Action item » Lines in the entries below where the word "amount" shows up should each be copied.

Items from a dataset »
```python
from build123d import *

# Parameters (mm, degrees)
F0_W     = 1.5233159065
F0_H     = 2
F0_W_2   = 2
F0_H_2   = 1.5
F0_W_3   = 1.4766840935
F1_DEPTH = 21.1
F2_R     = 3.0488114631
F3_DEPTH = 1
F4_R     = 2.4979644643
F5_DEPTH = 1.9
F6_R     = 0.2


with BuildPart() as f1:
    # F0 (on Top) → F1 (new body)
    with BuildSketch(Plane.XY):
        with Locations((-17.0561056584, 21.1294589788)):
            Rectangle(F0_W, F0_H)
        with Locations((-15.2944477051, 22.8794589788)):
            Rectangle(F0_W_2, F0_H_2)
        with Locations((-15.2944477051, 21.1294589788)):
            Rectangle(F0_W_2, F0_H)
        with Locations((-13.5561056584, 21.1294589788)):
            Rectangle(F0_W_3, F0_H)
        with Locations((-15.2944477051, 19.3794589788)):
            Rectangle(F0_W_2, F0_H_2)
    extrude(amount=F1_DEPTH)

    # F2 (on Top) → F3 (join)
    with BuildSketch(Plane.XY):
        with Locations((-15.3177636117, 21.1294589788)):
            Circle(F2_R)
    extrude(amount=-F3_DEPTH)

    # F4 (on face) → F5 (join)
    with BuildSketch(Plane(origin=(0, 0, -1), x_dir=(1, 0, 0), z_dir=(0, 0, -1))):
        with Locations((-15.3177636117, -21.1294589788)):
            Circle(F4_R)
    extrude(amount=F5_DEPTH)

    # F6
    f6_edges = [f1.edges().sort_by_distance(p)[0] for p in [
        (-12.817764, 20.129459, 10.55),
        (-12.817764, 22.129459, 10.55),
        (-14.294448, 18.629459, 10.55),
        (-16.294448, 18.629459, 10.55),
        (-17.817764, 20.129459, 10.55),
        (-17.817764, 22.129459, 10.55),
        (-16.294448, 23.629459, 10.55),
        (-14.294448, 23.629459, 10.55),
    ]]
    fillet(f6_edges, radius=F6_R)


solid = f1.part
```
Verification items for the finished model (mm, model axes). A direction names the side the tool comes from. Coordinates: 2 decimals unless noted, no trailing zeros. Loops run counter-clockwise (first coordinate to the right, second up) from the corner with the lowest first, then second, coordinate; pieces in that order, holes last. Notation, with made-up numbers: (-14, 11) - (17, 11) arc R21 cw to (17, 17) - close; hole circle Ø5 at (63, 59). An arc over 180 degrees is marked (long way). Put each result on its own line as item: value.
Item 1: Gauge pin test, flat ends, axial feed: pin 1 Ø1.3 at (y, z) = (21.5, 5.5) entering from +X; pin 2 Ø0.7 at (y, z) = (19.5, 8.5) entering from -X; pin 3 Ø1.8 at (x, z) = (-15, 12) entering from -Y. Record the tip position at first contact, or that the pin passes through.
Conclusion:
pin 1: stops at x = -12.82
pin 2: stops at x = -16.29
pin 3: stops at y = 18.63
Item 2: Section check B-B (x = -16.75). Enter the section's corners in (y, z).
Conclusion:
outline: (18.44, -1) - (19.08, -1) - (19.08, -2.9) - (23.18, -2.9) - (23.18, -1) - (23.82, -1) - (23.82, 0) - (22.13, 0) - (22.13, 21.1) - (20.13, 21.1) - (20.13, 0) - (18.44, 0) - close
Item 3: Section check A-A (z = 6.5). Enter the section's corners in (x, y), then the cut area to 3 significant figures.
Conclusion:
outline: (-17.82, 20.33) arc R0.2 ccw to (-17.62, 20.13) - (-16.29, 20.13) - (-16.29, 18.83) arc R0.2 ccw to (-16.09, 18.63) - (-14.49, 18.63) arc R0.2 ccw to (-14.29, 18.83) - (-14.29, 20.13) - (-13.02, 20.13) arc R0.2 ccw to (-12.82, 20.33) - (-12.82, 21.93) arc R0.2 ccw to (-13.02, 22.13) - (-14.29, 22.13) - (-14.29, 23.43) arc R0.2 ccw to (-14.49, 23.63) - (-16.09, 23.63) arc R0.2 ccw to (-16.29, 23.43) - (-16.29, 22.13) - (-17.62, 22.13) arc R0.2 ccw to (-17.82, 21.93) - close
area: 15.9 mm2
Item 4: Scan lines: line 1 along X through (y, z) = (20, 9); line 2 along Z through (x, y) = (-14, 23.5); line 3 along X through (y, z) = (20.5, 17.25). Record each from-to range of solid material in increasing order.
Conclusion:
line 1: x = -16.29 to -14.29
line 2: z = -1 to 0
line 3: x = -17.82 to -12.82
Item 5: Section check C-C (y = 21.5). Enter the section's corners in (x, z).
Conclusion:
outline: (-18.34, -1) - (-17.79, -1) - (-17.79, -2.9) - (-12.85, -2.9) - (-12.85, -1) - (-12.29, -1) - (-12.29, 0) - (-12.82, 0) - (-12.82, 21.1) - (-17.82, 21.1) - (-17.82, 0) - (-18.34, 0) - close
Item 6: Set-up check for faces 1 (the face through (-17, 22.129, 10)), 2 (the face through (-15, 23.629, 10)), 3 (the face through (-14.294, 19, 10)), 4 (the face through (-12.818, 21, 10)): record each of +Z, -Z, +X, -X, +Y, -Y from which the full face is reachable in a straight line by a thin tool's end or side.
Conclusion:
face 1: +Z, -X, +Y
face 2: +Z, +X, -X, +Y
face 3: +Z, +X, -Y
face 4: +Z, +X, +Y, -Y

...

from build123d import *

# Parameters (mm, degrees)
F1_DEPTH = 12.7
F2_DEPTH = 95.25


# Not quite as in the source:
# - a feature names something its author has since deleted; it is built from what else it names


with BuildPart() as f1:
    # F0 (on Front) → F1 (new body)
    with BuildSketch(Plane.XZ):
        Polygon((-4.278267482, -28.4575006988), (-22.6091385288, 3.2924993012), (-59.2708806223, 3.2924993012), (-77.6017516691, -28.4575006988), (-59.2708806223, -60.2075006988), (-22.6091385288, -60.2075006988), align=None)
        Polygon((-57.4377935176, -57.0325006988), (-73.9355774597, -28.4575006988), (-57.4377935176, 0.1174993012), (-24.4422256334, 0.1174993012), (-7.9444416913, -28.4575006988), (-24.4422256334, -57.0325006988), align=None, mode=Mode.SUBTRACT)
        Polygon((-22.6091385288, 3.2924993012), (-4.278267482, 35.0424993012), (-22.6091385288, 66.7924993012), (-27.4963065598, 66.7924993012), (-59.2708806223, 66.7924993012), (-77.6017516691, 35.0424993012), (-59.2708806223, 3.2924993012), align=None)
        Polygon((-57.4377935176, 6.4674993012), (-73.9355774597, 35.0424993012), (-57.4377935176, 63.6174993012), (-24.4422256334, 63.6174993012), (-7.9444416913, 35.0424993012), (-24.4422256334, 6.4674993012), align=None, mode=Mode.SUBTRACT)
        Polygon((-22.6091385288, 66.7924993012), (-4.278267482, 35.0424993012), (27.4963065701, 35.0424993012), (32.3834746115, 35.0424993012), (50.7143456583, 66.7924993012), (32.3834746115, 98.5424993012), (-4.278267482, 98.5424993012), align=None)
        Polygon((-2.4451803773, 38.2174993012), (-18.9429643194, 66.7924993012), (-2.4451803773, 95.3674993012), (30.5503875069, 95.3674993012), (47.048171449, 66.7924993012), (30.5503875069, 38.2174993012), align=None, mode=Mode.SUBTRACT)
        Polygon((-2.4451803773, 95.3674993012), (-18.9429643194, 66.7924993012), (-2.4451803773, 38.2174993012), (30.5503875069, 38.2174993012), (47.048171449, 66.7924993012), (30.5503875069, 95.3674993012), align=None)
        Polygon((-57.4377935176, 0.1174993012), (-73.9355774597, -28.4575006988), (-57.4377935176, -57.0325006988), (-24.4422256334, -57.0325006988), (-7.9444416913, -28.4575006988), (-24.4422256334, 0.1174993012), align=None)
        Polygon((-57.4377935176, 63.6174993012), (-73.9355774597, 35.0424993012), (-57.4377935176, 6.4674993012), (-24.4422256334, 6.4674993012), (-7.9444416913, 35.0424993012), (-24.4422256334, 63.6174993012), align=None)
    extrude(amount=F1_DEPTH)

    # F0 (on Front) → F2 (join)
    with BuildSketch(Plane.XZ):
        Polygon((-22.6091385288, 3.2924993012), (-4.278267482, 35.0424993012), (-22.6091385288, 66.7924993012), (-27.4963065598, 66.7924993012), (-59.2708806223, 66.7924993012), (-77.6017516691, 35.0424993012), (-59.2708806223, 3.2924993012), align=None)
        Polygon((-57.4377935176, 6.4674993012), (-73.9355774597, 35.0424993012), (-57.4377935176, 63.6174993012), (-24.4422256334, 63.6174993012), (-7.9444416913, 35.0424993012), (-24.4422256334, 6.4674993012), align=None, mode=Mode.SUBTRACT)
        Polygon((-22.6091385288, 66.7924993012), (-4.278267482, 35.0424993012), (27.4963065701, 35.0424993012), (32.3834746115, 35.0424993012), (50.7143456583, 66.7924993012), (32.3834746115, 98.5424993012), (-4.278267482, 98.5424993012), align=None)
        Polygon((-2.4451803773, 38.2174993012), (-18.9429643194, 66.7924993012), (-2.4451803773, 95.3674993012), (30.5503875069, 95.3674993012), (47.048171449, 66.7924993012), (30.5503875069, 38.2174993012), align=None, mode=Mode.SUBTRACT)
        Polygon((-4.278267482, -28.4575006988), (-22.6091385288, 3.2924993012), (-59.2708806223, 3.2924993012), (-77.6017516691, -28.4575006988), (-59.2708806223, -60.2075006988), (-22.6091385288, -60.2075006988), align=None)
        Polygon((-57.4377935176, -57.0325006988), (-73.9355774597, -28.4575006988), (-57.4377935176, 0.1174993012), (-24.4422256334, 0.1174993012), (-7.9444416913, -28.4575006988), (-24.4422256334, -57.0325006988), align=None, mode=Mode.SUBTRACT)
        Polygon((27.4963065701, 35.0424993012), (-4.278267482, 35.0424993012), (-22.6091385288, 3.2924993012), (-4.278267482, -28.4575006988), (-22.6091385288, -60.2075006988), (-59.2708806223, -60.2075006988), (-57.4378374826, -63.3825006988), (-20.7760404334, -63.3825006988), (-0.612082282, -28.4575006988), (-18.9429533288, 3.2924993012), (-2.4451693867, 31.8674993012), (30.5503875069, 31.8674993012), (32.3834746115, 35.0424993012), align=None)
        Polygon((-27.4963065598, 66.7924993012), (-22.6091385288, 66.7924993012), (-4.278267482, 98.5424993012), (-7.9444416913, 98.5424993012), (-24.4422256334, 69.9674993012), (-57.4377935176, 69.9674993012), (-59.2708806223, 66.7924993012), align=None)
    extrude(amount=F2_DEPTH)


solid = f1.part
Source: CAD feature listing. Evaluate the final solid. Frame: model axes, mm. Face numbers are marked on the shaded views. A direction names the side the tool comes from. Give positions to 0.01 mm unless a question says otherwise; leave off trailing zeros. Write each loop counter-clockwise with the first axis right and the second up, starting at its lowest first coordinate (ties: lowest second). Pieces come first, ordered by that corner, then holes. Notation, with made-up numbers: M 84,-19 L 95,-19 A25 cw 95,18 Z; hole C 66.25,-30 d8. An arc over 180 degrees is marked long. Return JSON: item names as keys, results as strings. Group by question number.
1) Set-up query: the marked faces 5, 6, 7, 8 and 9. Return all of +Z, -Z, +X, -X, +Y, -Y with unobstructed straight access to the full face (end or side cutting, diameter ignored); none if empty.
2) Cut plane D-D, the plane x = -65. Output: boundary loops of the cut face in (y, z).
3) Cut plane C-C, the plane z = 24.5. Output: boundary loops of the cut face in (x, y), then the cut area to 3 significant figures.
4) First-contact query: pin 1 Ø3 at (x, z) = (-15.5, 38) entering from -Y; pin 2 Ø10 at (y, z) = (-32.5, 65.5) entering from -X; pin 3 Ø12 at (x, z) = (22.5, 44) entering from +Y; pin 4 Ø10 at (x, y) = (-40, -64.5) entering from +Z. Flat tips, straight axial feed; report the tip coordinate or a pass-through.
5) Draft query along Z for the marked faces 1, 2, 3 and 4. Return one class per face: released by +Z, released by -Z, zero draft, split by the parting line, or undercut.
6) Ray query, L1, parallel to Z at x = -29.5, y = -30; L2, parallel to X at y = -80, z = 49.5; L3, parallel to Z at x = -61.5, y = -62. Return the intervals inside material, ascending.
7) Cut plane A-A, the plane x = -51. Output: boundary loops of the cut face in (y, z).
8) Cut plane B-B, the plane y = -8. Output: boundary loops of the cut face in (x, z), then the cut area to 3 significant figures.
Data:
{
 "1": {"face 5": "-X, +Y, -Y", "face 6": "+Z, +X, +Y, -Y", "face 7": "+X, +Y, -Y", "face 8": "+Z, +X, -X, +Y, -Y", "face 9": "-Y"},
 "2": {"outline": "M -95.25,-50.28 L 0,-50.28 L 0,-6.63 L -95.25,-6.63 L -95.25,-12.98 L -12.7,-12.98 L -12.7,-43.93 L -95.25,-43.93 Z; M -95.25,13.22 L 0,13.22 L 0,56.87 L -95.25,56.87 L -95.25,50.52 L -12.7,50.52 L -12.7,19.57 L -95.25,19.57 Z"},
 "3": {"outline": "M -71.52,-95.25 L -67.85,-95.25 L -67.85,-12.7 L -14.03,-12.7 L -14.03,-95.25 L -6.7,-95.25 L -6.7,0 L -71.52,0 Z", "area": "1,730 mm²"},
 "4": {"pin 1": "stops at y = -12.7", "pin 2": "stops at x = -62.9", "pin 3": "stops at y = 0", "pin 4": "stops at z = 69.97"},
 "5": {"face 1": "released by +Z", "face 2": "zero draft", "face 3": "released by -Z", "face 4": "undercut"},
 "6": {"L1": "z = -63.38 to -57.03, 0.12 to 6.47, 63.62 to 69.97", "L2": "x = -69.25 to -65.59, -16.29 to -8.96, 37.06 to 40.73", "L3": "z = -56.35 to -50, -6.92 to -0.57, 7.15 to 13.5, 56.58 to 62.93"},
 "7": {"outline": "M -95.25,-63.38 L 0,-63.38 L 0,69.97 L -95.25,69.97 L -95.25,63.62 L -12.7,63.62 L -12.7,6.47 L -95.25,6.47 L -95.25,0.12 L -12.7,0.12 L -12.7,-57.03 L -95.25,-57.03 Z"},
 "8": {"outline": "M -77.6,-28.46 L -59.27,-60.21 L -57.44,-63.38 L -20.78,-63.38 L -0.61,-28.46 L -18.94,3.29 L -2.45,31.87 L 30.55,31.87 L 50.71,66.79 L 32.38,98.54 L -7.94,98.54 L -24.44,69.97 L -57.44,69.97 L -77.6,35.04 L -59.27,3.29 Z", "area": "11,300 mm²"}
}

Solution »
    extrude(amount=F1_DEPTH)
    extrude(amount=-F3_DEPTH)
    extrude(amount=F5_DEPTH)
    extrude(amount=F1_DEPTH)
    extrude(amount=F2_DEPTH)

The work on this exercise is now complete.